- [Work item]:
The listing that follows should be copied in full and exactly, with no pictures.

- [The data]:
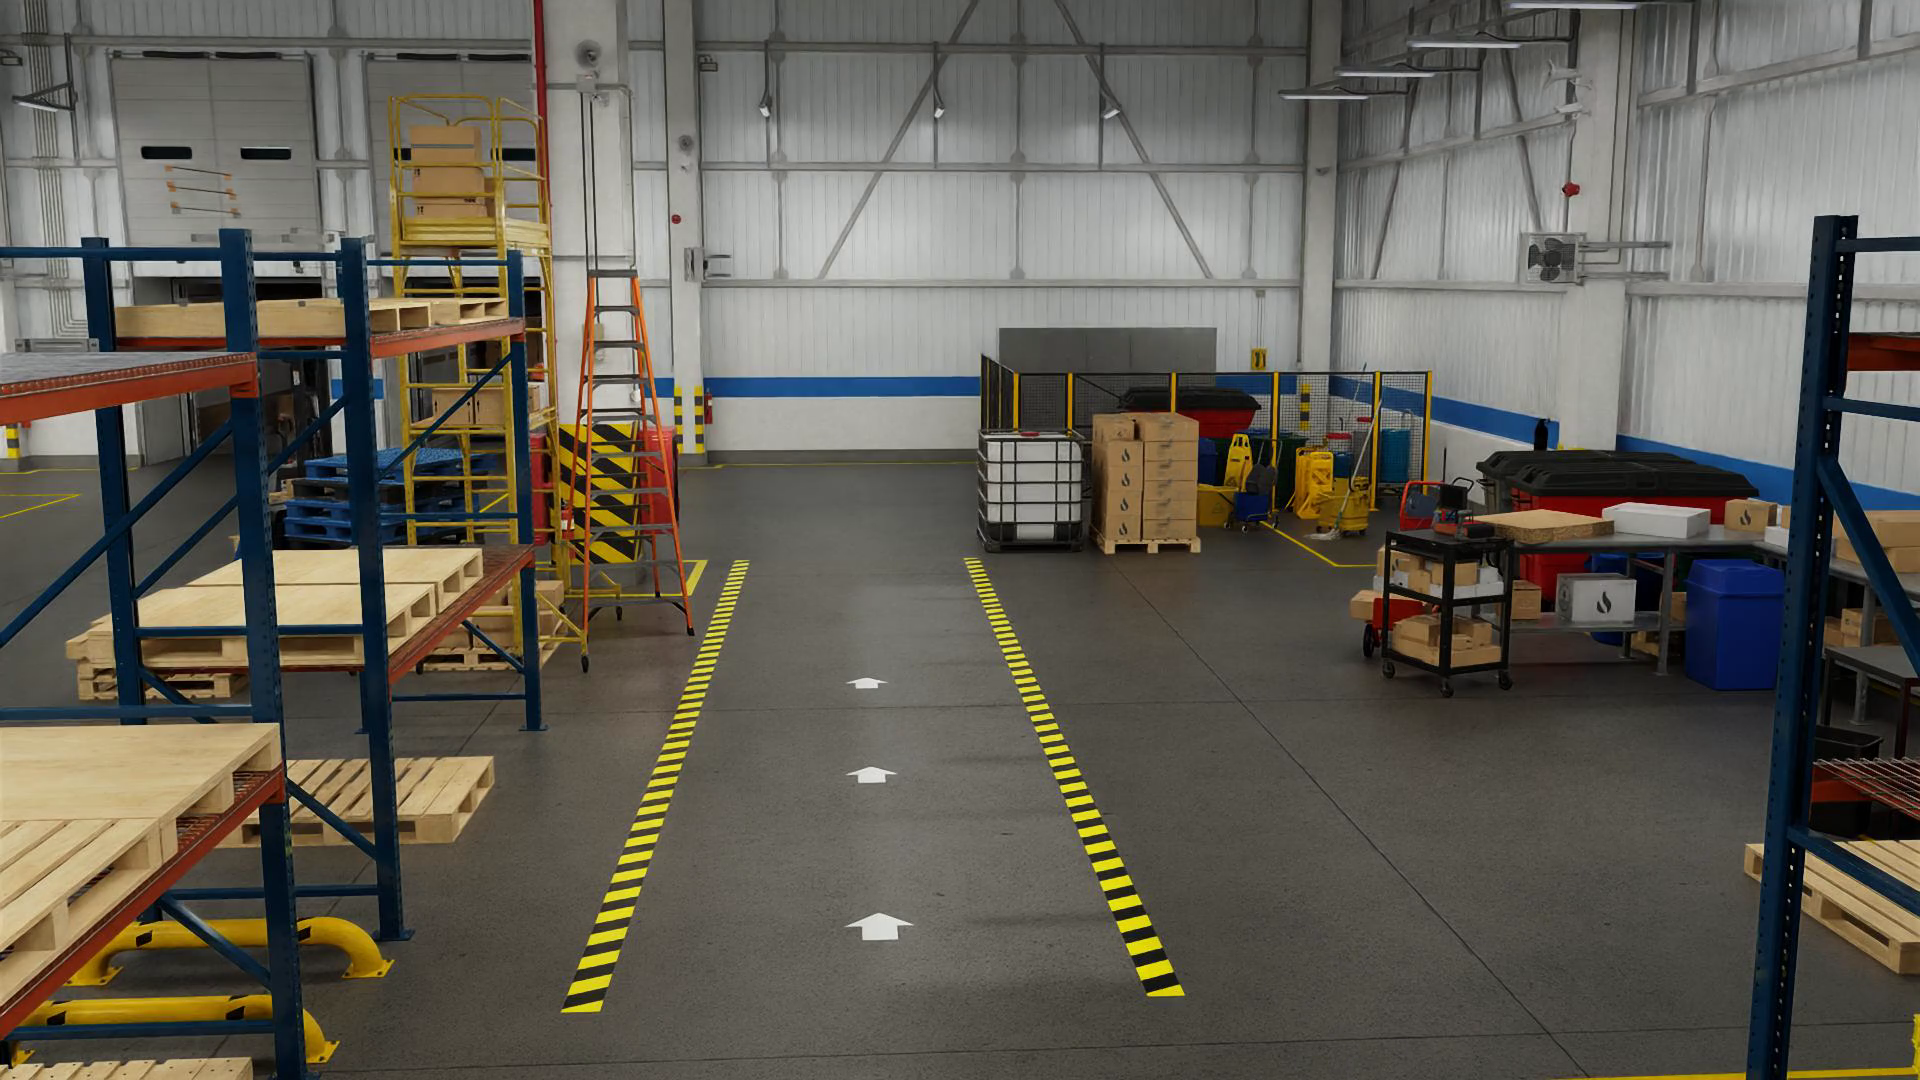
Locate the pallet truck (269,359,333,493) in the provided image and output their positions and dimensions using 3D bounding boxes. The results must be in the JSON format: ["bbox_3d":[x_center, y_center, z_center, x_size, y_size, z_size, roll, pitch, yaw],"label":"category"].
[{"bbox_3d":[-7.062,-1.131,18.996,1.885,1.965,0.823,2,9,13],"label":"pallet truck"}]

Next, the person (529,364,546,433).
[{"bbox_3d":[-4.652,-1.037,18.753,0.560,1.889,1.018,-9,12,-43],"label":"person"}]
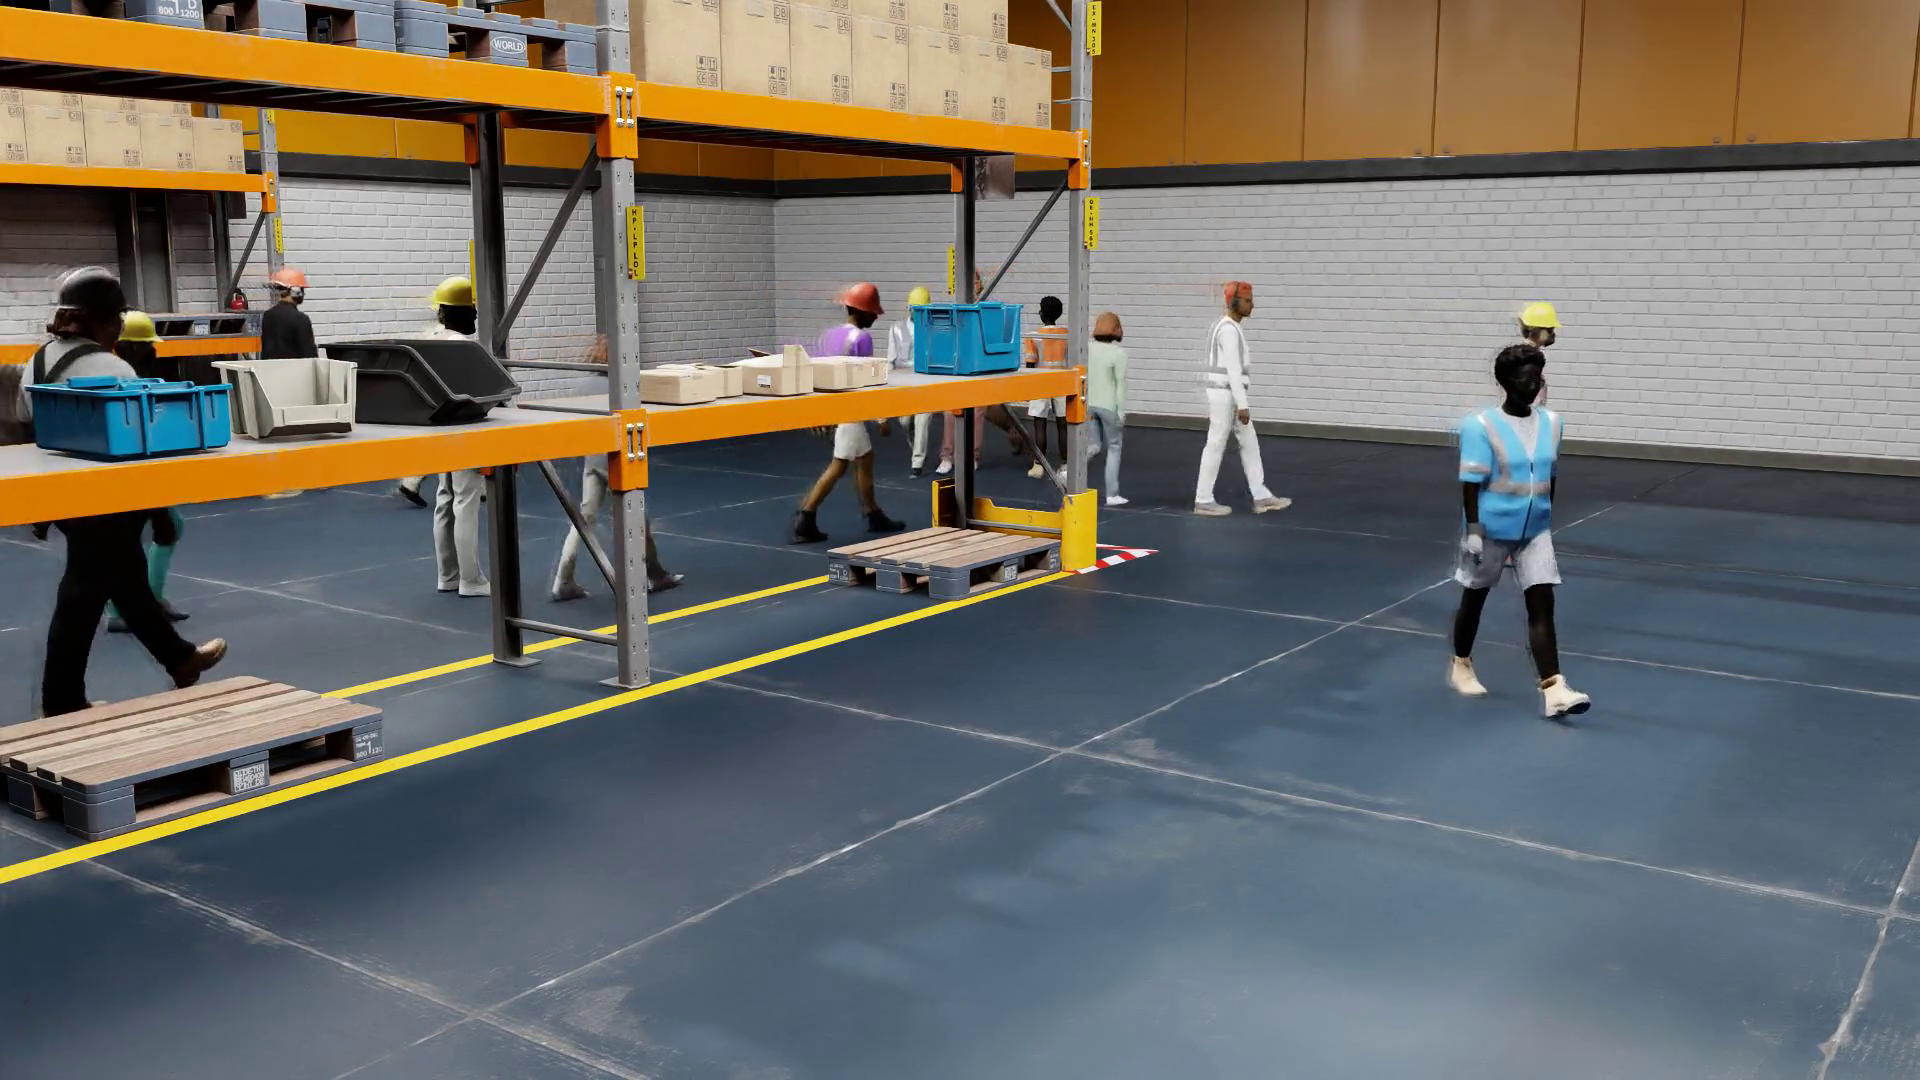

- [Worked solution]:
Locate the pallet truck (269,359,333,493) in the provided image and output their positions and dimensions using 3D bounding boxes. The results must be in the JSON format: ["bbox_3d":[x_center, y_center, z_center, x_size, y_size, z_size, roll, pitch, yaw],"label":"category"].
[{"bbox_3d":[-7.062,-1.131,18.996,1.885,1.965,0.823,2,9,13],"label":"pallet truck"}]

Next, the person (529,364,546,433).
[{"bbox_3d":[-4.652,-1.037,18.753,0.560,1.889,1.018,-9,12,-43],"label":"person"}]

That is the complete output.